Second, Louis had three sons. In Frankish tradition he was expected to divide up his kingdom, allowed each to rule a third. But Louis didn’t particularly want to divide his kingdom up. He was rather proud of his realm, which had grown to exceed even the old Roman borders in Germani. Dividing up the kingdom would just bring back civil war and, well division. So he went back to Cologne and set about trying to come up with a solution. We don’t know what exactly made him come to his eventual decision, but in early 819 Louis seems to have made up his mind. A kingdom could be divided. But an Empire? That was a different thing entirely. The title of Augustus was still respected inside the Frankish Kingdom. The Roman Empire was still the biggest, and most respected entity around. Even if the Western half was mostly gone the rest was still moving along just fine, less whatever the Bulgars were still holding onto.

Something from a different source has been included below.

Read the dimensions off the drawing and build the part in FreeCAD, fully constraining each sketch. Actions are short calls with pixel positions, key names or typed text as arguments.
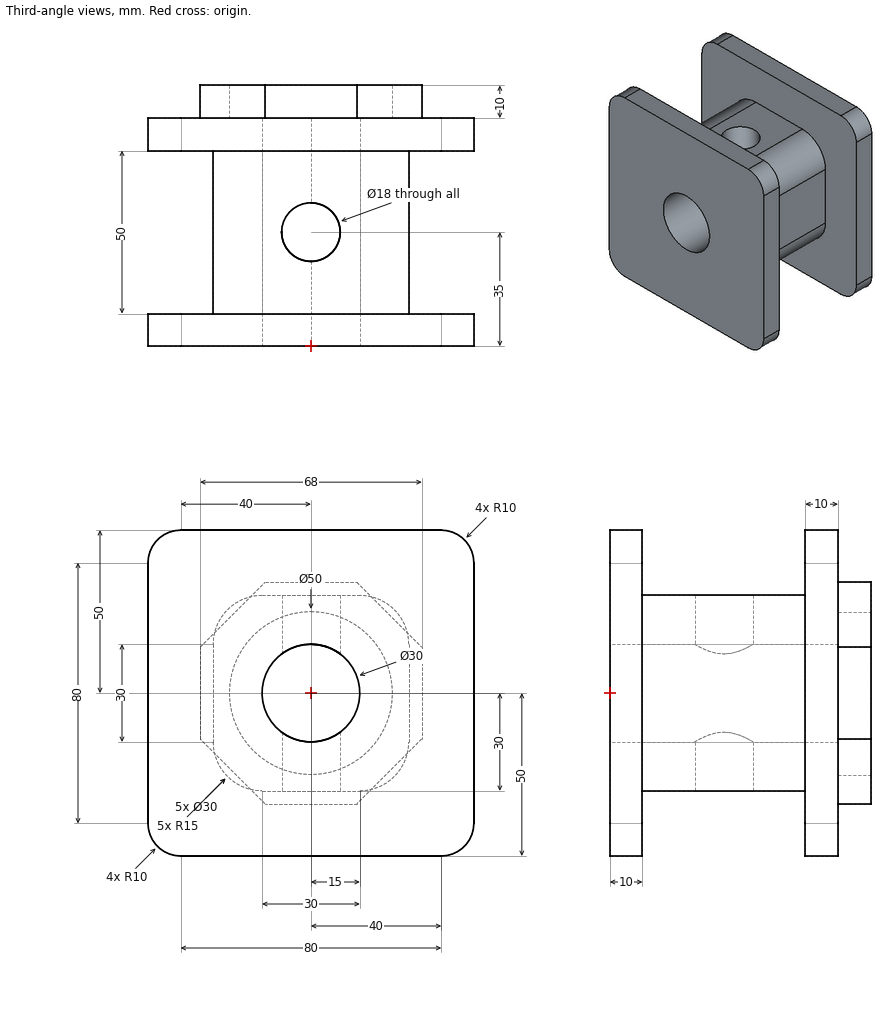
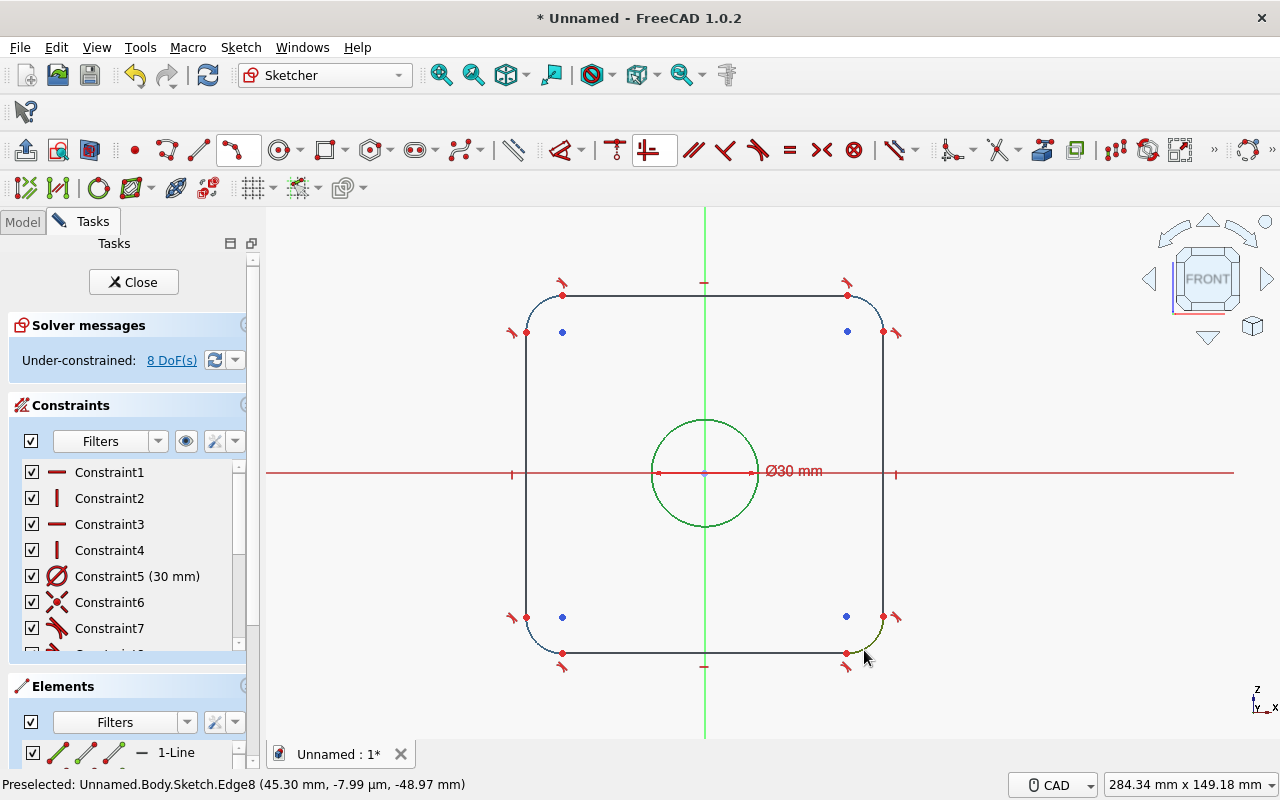
click(790, 150)

Which led Louis to his great idea. He really didn’t want a powerful Bulgar state on his eastern border, and he really did want an Imperial title so he could lay the groundwork for a new succession system. So he decided to kill two birds with one stone. He would offer the Romans his large, well-trained, highly disciplined, experienced, and well-equipped army to crush the Bulgars, and in exchange his oldest son would marry a princess, and Louis would be crowned Augustus of the West.
He was talked down from this request by the bishop of Cologne, and instead asked to be crowned simply Emperor of the Franks. This was a lesser title, and would still leave him as a man with less prestige than the Emperor of the Romans, but it would still make the Frankish king the second most prestigious ruler in the world, so far as the Franks were concerned at least. This was acceptable, and messengers were sent to Constantinople.
You know what happened next. Justin accepted the proposal, Louis marched East, and the Bulgars were crushed. In doing so Louis led a Frankish army further East than any ruler would until Henry III marched a hundred thousand Franks, Normans, Goths, Saxons, Danes, Poles, and Bulgars to the walls of Constantinople itself in his great crusade in 1248. By then the Frankish Empire had risen, fallen, and there were but dreams of it one day rising again. For now when Louis departed the city he held an Imperial title, and began putting his real plan into action.
That plan did not proceed perfectly, and a major revolt broke out inside Franci itself that required Louis to crush it personally. When he did so territories on the edges of his Empire also rebelled, and had to be put down as well. But when Louis died in 830 he successfully handed power over to his son Charles, who would proceed to squander much of his father’s power and effort. Charles had two sons, and he left most of the Empire to his oldest son, but left large partes of Aquitaine to his younger, leaving the main branch of the royal family holding most of their territory in the northeast. Charles would also move the capital officially to Aachen, where it would more or less remain until the present day, even as the Frankish Empire of old would break apart.
That’s for next century though. For now, in 850 the Franks ruled over the second most powerful state in Christendom, and were poised to be the major Western rival of the Romans for the next three hundred years. While armed conflict would be rare for the forseeable future, it really was inevitable.